The situation for MA theses was slightly different from that of journal articles, though research was moving forward here too. These authors were somewhat hesitant to cite recently completed theses, preferring those produced at least three years previously, which they could be sure, had been adopted by the academic community and become established. It was also noticeable that material produced in 1996 was cited by numerous MA authors in all subsequent years, suggesting that some very influential work was produced in that year. Detailed analysis revealed that work to be Ru Mingli’s (1996) thesis Interpreting quality and the role of the interpreter from the perspective of users, which was produced under the supervision of Chen Yongyu. It should be noted, however, that MA thesis authors cited their predecessors’ work far less often than the authors of research papers did theirs: in 2010, for example, research papers produced in 2008 were cited no fewer than 148 times; the same figure for MA theses was a mere 22. There are two possible reasons for this phenomenon. Firstly, a number of researchers (Lawrence, 2001; Harnad & Brody, 2004; Hajjem, Harnad & Gingras, 2005) have identified that open-access articles receive a substantially higher number of citations than those that require a subscription—this is true across many disciplines including computer science, physics, sociology and psychology. Proceeding from their findings, it is reasonable to speculate that the difficulty—and expense—of obtaining access has contributed to the significantly lower number of CIS theses being cited in comparison to research papers. Secondly, in the academic world MA theses are generally considered to be of lower quality than research papers, which have gone through rigorous peer review.

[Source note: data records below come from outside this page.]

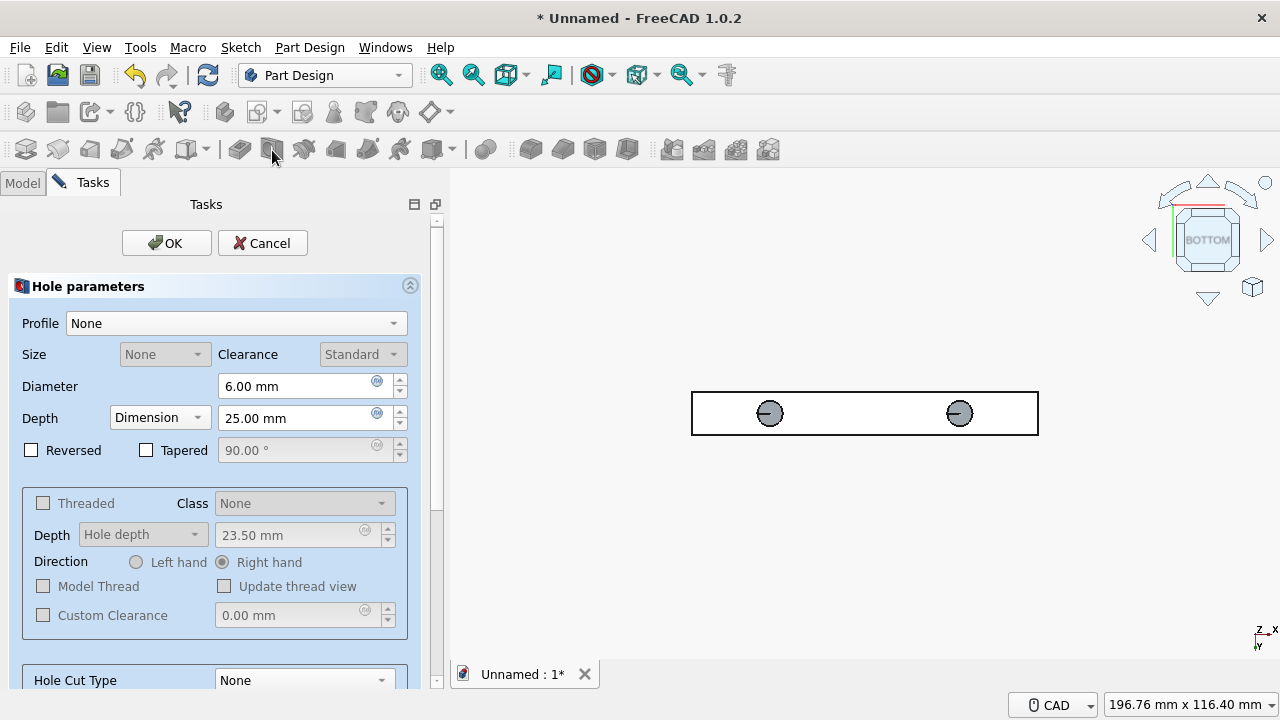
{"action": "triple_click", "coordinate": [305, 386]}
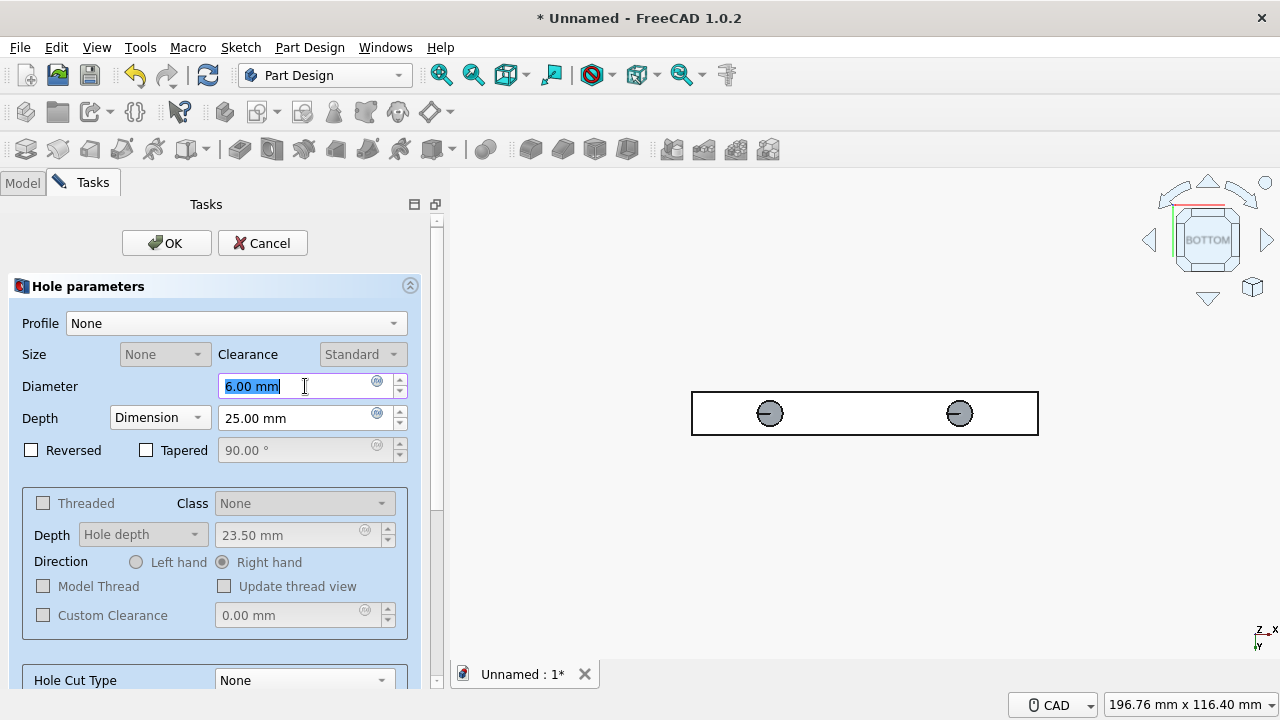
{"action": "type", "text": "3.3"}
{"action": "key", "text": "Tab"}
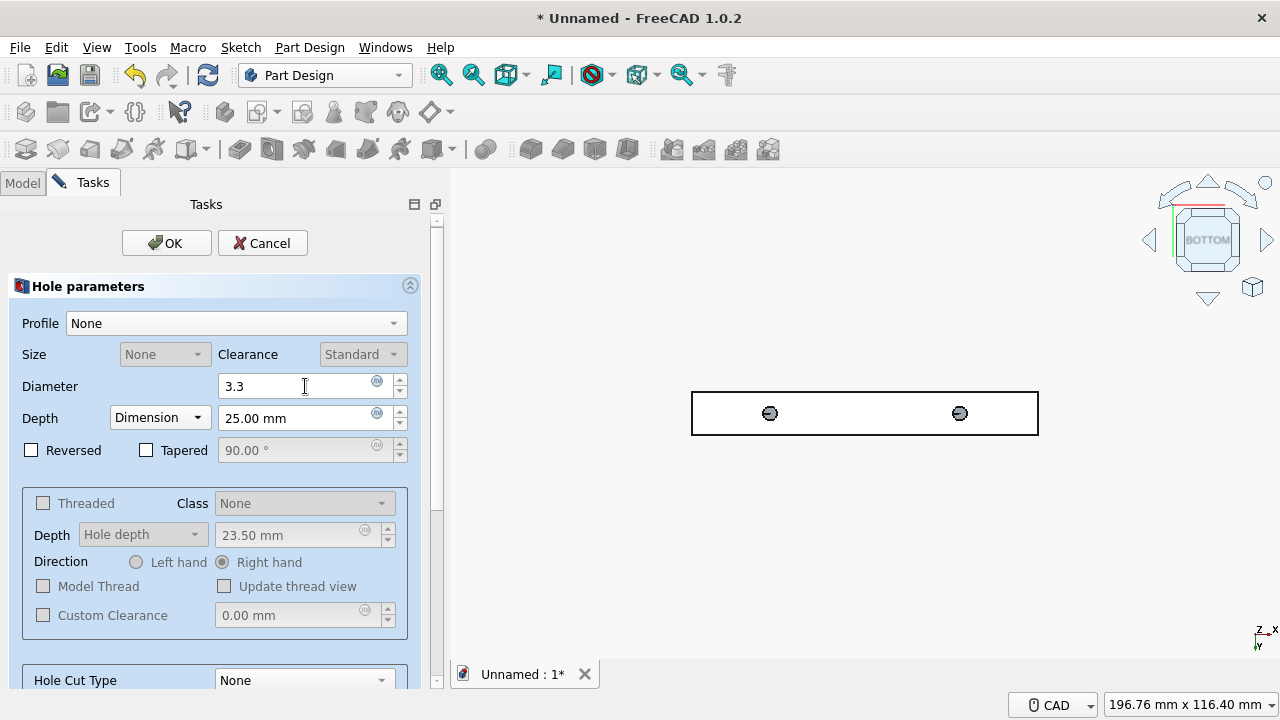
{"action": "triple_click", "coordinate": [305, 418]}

Given that the total number of doctoral dissertations was only 32, little in the way of trends was observable. It should be noted, however, that a particular doctoral dissertation produced in 2008 was consistently quoted by later PhD authors in the period 2010–13—this was Gong Longsheng’s (2008) An analytical study of the application of Adaptation Theory in interpreting, written under the supervision of Dai Weidong. Gong is such a well-established and visible academic within the CIS community,⁶ that it is hardly surprising that his work might attract a large number of incoming citations.

To conclude, two null hypotheses were both visually and statistically rejected: research stagnation and perfect research flow. To perform those tests two models corresponding to each of the hypotheses, and a third, the Varying Coefficient Model, were constructed. The three were tested to see how well they fit the CIS citation data. Both hypotheses were rejected, because the first two models performed poorly in comparison with the VCM model. Analysis of the citations yielded enough evidence to say that this field is going forward, though not at a uniform pace.